Overall, Europe-based investors accounted for $59 billion of the $66 billion. Japanese investors accounted for a mere $4.8 billion.

If $66 billion doesn’t sound like a lot of money relative to the U.S. stock market’s $14-trillion market capitalization, that sum still gave foreigners the distinction of being the second-biggest buyers of U.S. stocks after domestic mutual funds, said David Strongin, who tracks foreign capital flows at the Securities Industry Assn. in New York.

The magnitude of the increase in demand, compared with previous years, also stunned many Wall Street veterans. “During 1990 to ‘96, European net purchases of U.S. stocks averaged $5.9 billion a year. So last year’s amount was 10 times greater,” noted Joseph Quinlan, a Morgan Stanley Dean Witter analyst in New York who watches capital flows.
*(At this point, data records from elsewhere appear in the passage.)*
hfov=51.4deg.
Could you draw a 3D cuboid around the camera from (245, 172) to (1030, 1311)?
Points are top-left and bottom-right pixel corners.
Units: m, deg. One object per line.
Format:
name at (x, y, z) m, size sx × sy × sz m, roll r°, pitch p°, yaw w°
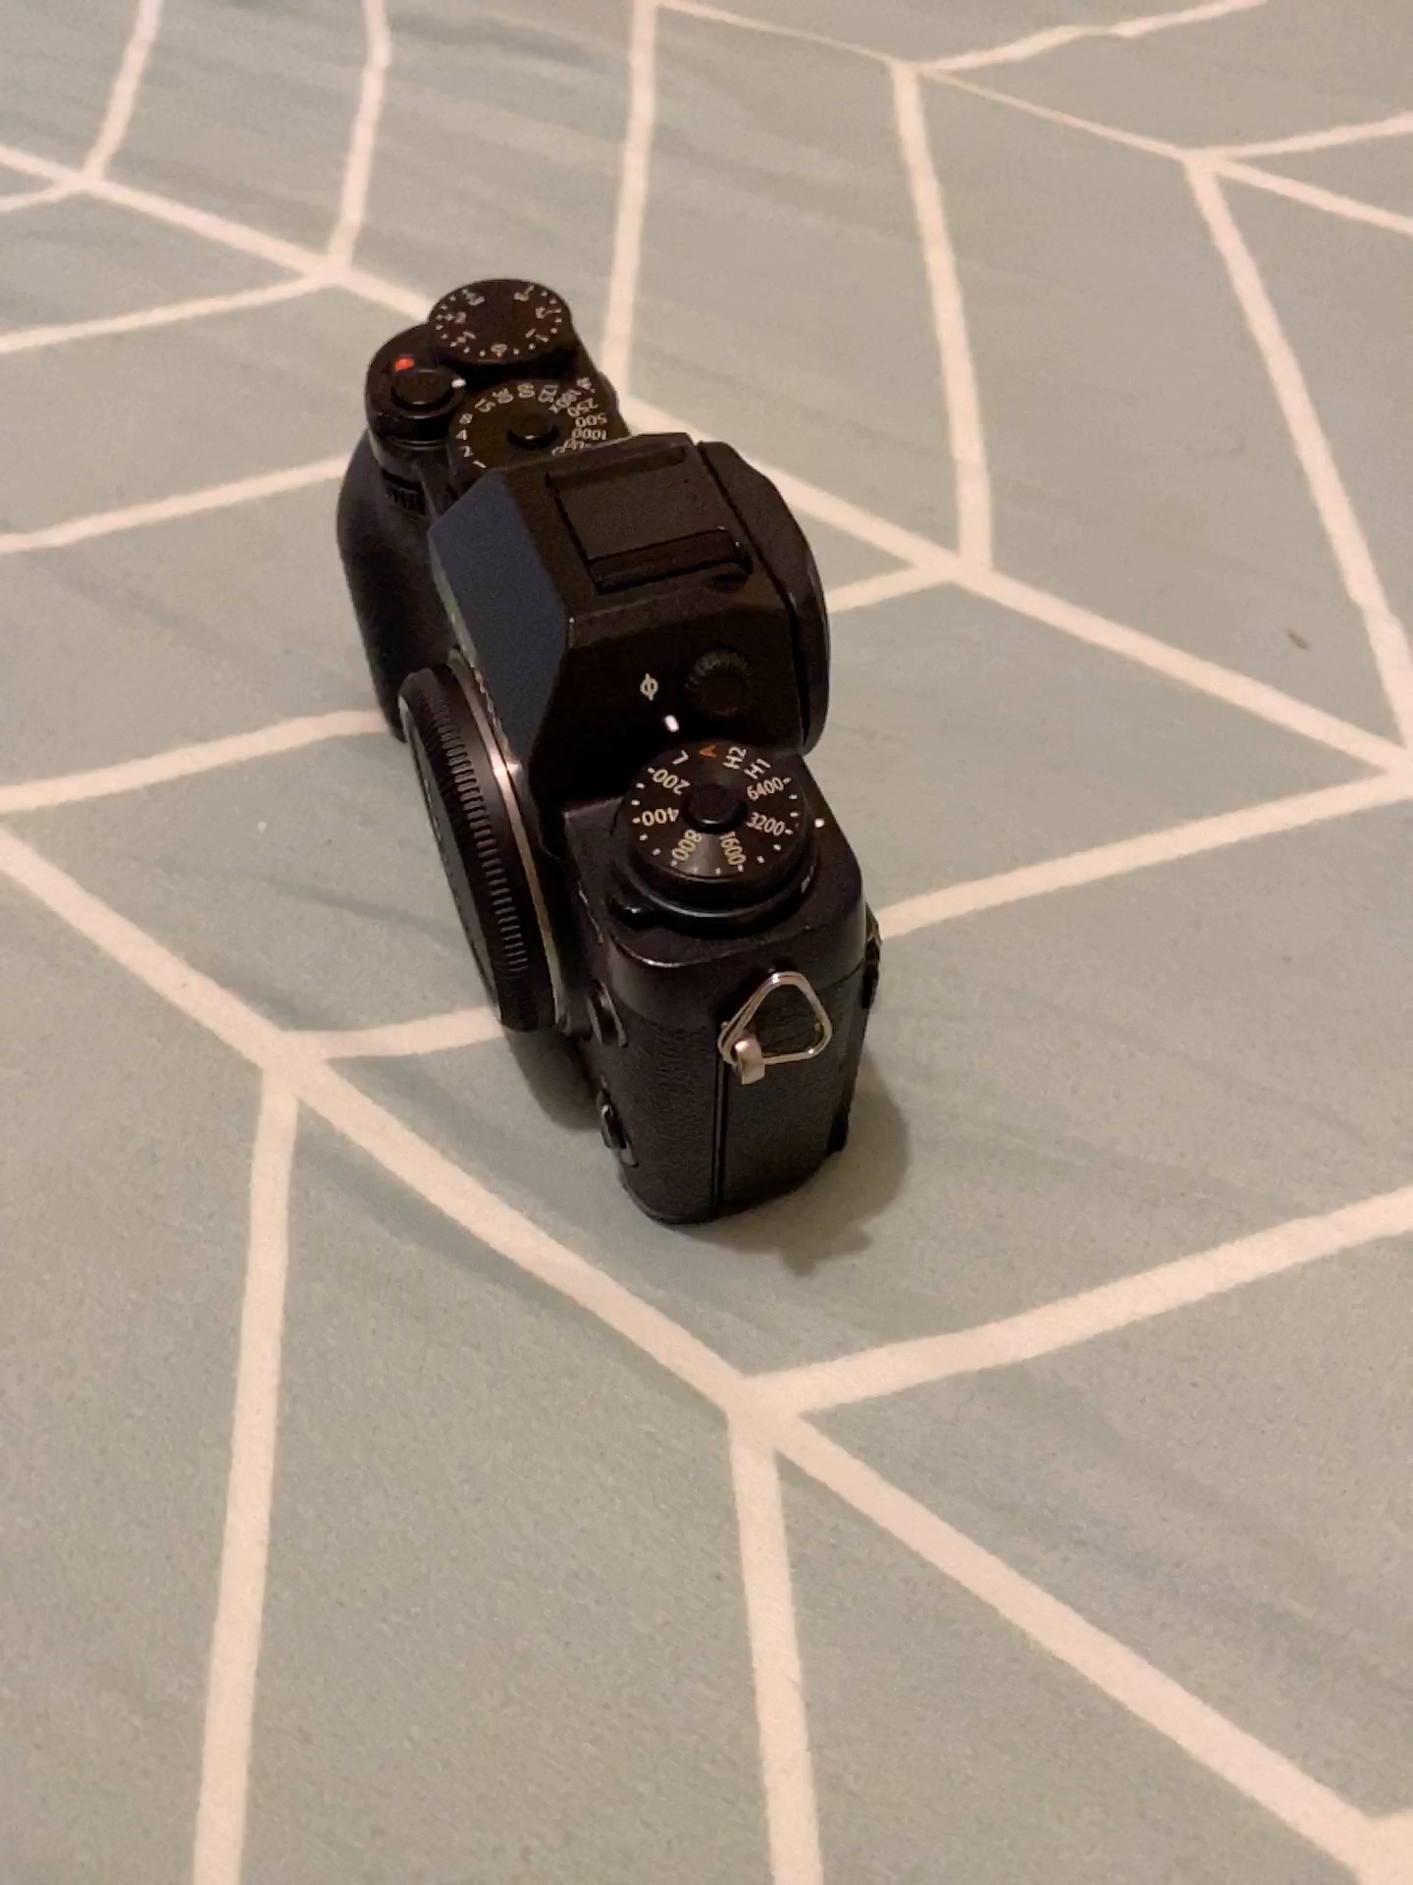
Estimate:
camera at (-0.017, -0.034, 0.218) m, size 0.054 × 0.082 × 0.142 m, roll -18°, pitch 57°, yaw -12°

European investors, Strongin said, were responding to the same positive fundamentals that were encouraging U.S. investors to raise their stakes in the stock market: low inflation, tame interest rates, strong corporate earnings growth and a disappearing federal budget deficit.

It has helped, too, that the dramatic changes sweeping Europe’s economies and companies, as monetary union approaches on Jan. 1, have been focusing European companies on boosting value for shareholders--which, in turn, has boosted European investors’ interest in owning more stocks, period.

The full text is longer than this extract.